Chapter Seven summarizes the conclusions drawn from the previous six chapters but fails to propose possible resolutions. The author could have used the comparative research to borrow some good lessons from other countries such as Switzerland, the Netherlands, Italy, Spain, Australia, France, Canada, the United Kingdom, and Germany,which accept large number of immigrants.

By only scratching the surface, this book could have articulated further on efficient and economic considerations on addressing the relevant issues. For instance, the last paragraph of Chapter Three admits that common law system requires a balance between philosophy and practicality (p. 82). This point could have been made clearer by saying that efficiency and economic judiciousness could be the key to creating a balance. Moreover, Chapter Four suggests that cost and the availability of appropriately prepared teachers are issues that have evolved from the Bilingual Education Act (p. 120). The author could have discussed how public education as a resource cannot satisfy unlimited and unreasonable requests from society.

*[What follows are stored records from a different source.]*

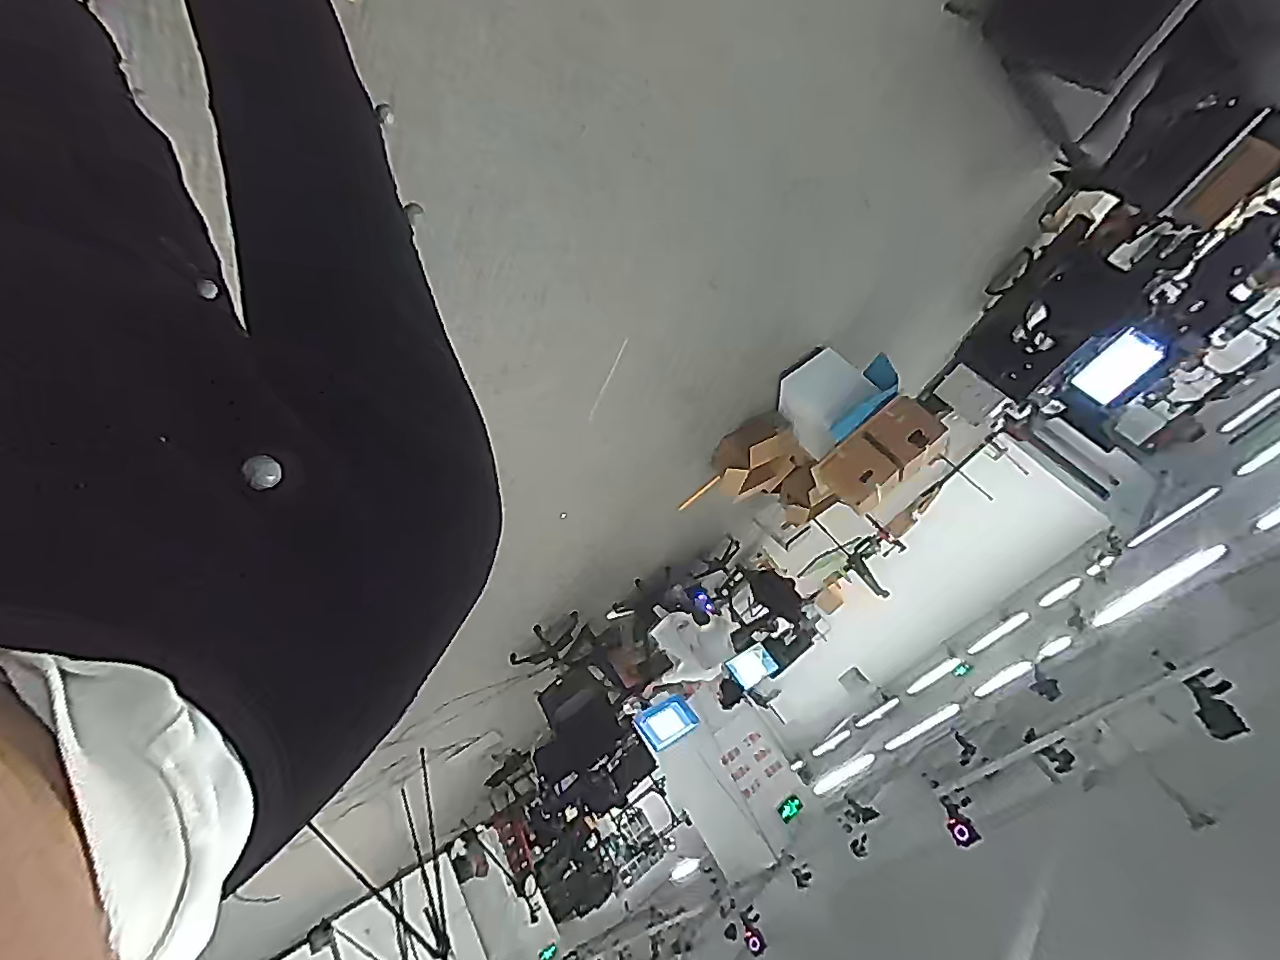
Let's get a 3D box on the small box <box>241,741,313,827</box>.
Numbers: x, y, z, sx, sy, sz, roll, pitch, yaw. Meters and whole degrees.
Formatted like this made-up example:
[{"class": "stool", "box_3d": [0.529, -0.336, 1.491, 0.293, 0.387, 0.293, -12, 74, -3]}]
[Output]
[{"class": "small box", "box_3d": [-1.185, 0.981, 1.758, 0.168, 0.176, 0.179, -9, 145, -42]}]
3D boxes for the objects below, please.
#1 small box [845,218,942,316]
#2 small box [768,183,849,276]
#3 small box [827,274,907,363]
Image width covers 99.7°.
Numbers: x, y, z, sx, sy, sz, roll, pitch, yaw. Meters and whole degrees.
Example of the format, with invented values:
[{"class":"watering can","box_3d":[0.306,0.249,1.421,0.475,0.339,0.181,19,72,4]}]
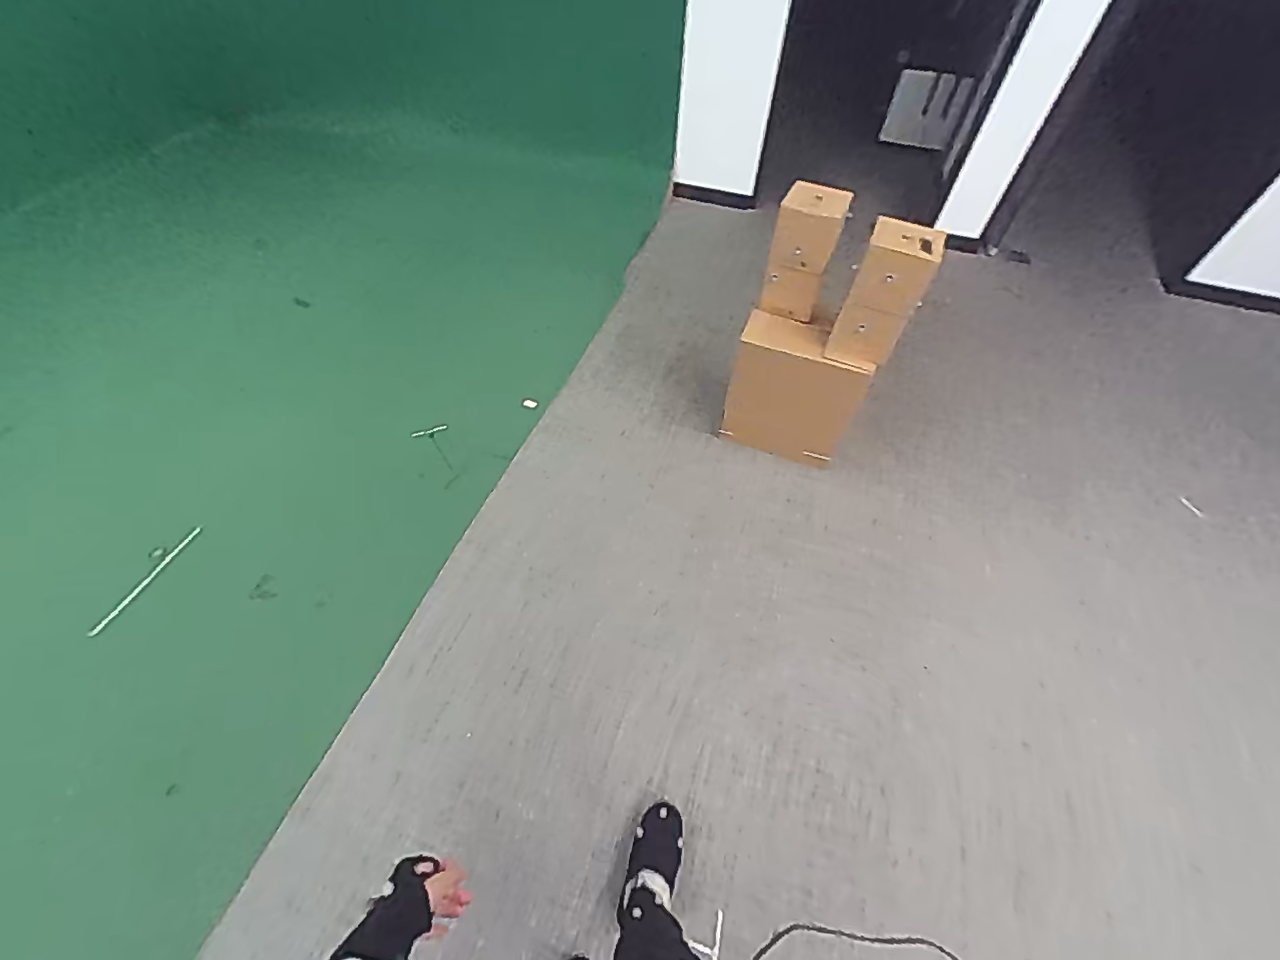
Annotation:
[{"class":"small box","box_3d":[0.678,-0.568,1.454,0.179,0.176,0.168,20,55,13]},{"class":"small box","box_3d":[0.485,-0.725,1.570,0.168,0.176,0.179,21,55,15]},{"class":"small box","box_3d":[0.668,-0.470,1.585,0.179,0.176,0.168,19,56,13]}]

According to the book’s publication information page, Library of Congress Subject Headings and Book Industry Standards and Communications Subject Headings classify this book as a linguistic book but not a legal book, so its intended audience might not have legal background to know the federal and state dual legal system and the hierarchy of law in the U.S. Introducing the relevant information would help the readers without legal training to understand the contents, and organizing the statutory and case law authorities according to the hierarchy of law would make the reasoning more persuasive.

A lingering question after reading this book is whether law can solve all the issues that are involved with the minority language. The answer is undisputedly: no. For example, Chapter Four states that the courts did not want to sort out the conflicting claims of educational professionals on multi-language tests (p. 126), which is a typical attitude when the courts face questions they believe they are not in the position to solve purely by law. It might look like dodging a bullet, but the reality is that we cannot deem law as the skeleton key to every single social problem.